Não mudei nada, mas estou diferente

Sinto-me mais bonita. Não mudei nada, continuo a andar com o cabelo desarrumado e até com cabelos brancos a aparecer em grande quantidade, as unhas por pintar e até roídas por vezes, as sobrancelhas a precisarem de manutenção, o rosto sem maquilhagem ou até qualquer creme, nem me lembro quando foi a última vez que meti creme no corpo, mas mesmo com estas coisas todas sinto-me bem. Não precisamos destas coisas todas para estarmos felizes. Como é óbvio eu gosto de andar arranjada mas tenho concentrado o meu tempo em pôr-me linda por dentro e sei que isso se vai refletir no exterior mais dia menos dia.

Ando com vontade de ir as compras e renovar o meu guarda roupa, mas sei que isso só pode ser feito de forma gradual pelos custos associados. Não me importo, basta-me um batom novo e umas jeans novas que assentem bem e sou uma mulher feliz!
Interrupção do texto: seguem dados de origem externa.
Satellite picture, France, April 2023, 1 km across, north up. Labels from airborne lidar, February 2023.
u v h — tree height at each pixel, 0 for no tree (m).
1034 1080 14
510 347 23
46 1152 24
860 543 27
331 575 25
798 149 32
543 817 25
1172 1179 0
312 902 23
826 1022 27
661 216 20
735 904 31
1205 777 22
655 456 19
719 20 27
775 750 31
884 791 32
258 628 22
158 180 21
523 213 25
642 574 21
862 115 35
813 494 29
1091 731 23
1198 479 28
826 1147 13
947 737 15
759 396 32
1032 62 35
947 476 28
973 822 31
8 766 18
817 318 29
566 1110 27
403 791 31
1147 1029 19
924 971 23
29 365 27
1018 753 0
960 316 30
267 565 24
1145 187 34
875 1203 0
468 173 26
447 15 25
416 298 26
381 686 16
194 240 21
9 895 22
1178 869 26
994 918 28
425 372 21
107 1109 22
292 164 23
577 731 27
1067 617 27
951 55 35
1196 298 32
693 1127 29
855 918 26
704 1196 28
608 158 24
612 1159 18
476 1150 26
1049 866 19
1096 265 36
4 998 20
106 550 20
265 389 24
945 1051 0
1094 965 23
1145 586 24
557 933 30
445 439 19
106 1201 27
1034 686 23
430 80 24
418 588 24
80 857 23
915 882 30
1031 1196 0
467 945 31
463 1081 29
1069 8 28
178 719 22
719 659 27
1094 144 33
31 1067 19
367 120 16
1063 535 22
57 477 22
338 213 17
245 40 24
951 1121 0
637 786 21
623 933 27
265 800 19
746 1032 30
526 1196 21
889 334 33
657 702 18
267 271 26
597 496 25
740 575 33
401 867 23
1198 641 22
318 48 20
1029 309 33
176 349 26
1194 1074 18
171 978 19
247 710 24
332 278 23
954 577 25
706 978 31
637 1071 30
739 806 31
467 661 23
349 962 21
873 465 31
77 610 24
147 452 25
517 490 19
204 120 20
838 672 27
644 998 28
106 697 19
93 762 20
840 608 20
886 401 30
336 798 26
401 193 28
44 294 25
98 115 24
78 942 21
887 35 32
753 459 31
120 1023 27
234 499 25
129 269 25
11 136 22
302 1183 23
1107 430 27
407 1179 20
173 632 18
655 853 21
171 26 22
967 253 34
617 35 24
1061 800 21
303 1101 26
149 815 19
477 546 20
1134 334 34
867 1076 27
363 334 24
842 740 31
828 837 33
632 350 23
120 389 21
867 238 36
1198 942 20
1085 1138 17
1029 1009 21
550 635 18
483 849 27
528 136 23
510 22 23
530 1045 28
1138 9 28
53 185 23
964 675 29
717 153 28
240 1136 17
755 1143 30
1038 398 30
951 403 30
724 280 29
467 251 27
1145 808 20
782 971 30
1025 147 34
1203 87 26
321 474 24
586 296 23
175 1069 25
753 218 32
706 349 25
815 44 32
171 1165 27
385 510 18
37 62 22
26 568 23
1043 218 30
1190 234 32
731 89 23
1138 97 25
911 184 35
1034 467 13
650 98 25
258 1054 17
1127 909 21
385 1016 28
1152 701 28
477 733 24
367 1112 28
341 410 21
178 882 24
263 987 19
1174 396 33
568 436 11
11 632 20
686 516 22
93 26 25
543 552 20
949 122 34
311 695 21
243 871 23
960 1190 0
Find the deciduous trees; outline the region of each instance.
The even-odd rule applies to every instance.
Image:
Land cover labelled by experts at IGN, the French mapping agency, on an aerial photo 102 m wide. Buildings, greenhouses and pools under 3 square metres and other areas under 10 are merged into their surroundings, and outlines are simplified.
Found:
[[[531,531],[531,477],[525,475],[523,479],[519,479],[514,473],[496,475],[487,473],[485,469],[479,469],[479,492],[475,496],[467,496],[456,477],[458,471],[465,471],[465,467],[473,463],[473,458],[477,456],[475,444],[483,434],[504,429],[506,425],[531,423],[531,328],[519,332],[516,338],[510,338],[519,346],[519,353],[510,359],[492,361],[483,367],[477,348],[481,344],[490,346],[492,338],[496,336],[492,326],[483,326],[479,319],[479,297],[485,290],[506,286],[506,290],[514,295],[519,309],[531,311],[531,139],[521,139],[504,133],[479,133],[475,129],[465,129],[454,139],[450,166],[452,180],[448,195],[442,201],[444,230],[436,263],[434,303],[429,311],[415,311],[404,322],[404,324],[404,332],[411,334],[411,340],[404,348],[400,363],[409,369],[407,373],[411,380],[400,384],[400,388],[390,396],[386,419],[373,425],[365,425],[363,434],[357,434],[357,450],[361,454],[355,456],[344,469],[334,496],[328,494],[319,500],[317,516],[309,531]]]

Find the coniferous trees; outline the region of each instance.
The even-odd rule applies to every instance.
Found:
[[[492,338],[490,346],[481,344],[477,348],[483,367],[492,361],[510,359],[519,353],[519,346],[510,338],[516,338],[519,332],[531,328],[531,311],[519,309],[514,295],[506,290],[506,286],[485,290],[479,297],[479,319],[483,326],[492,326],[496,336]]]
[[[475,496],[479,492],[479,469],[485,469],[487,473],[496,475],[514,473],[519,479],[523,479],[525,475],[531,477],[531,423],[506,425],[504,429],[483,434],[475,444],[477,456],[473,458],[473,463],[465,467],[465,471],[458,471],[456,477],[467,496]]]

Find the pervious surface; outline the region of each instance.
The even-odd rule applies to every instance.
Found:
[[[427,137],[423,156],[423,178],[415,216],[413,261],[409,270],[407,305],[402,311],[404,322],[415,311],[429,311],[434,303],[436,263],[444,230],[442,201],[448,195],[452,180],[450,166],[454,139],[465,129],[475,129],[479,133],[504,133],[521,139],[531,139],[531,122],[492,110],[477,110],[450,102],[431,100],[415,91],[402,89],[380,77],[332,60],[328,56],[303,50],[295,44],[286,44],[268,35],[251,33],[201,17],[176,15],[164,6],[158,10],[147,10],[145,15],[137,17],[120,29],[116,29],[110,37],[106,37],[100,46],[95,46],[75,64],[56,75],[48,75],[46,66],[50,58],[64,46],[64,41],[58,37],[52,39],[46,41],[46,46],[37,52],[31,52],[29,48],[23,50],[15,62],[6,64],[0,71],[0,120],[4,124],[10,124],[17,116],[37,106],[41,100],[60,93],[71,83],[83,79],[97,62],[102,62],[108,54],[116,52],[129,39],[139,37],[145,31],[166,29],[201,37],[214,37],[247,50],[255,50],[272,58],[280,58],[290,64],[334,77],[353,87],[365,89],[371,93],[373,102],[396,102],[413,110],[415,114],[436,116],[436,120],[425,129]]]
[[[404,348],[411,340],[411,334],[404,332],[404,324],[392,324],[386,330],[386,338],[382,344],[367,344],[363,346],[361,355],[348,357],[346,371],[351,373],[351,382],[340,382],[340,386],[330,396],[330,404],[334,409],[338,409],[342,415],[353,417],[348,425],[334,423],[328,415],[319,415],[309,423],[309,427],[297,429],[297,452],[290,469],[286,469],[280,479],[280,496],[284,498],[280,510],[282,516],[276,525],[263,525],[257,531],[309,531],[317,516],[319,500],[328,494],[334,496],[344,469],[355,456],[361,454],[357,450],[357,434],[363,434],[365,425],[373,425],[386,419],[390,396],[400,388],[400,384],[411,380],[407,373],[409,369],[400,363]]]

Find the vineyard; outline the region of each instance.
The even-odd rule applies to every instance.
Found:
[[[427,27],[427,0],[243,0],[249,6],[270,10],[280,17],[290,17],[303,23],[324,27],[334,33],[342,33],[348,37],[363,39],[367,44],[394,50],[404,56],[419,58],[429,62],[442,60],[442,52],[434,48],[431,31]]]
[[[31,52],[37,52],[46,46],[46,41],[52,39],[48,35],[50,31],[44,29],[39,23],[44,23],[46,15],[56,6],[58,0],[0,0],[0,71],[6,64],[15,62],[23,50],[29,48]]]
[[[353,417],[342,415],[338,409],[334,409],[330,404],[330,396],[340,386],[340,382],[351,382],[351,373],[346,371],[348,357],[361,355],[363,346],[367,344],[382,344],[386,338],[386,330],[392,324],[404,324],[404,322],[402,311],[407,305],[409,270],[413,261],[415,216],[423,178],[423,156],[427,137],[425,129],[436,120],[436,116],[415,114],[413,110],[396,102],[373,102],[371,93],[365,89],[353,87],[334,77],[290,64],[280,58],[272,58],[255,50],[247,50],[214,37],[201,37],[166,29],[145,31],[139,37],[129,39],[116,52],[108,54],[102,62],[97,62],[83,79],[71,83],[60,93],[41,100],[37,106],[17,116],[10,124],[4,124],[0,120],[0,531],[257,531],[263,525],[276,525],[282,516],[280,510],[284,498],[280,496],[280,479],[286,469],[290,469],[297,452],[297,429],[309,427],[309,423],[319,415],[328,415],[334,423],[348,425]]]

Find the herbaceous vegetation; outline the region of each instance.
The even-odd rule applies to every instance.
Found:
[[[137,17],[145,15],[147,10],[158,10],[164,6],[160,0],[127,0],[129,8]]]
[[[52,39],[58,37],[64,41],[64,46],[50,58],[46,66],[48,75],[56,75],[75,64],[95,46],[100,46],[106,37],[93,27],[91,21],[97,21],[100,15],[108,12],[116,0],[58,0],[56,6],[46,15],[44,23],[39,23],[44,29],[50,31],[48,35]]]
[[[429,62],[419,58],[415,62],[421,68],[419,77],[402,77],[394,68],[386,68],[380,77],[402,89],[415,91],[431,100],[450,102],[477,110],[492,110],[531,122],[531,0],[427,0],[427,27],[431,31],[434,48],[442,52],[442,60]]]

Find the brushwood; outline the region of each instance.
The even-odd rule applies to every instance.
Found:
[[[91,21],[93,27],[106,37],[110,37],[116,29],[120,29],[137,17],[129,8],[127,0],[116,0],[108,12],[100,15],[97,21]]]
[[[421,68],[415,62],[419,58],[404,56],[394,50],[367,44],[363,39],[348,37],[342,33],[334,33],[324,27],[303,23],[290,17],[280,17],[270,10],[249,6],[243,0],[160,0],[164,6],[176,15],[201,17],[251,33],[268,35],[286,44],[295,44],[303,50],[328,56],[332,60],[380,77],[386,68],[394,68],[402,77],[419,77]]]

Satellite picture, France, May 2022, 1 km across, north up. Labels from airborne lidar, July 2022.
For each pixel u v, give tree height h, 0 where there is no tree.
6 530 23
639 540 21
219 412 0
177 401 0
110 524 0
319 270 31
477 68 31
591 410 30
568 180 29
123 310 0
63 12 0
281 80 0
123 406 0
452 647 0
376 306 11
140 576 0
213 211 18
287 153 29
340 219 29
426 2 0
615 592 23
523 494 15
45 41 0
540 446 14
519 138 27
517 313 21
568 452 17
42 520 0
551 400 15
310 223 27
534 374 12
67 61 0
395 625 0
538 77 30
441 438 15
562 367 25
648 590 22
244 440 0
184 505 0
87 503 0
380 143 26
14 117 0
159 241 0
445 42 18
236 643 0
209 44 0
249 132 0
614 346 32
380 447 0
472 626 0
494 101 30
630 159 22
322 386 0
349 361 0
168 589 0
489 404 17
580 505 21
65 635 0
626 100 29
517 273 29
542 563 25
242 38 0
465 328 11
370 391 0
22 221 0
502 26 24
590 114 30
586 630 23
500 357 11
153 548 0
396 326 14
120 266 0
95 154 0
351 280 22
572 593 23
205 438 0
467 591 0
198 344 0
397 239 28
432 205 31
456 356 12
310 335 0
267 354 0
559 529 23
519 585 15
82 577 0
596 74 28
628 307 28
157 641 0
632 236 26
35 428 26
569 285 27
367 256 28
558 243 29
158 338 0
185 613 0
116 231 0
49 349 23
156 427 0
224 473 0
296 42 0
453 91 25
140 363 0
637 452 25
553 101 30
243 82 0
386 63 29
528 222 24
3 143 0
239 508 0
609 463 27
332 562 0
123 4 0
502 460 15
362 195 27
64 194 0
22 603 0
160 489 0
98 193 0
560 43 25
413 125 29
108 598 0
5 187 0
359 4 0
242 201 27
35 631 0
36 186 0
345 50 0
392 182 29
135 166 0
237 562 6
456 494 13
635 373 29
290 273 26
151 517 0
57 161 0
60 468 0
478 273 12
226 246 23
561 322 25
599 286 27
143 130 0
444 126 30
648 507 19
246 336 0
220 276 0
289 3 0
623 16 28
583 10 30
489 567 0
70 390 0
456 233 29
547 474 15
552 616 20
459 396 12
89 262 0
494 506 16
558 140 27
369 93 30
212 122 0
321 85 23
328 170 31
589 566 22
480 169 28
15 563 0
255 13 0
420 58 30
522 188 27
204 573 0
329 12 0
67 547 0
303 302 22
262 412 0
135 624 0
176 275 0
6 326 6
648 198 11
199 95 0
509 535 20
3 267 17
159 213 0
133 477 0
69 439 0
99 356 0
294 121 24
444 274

Cada vez dou mais valor aos momentos e menos às coisas. E acredito piamente que é nesse princípio que quero criar a minha filha. Quero que um dia ela se lembre dos bolos que fazíamos juntas, das brincadeiras incontáveis com o pai e os pinypons (como ela diz: brincar às malvadas), do colinho doce do avô ou das brincadeiras com as linhas e lãs das avó.

Acho que por enquanto estamos no bom caminho, ela e eu… caminhamos não rumo à felicidade mas em felicidade.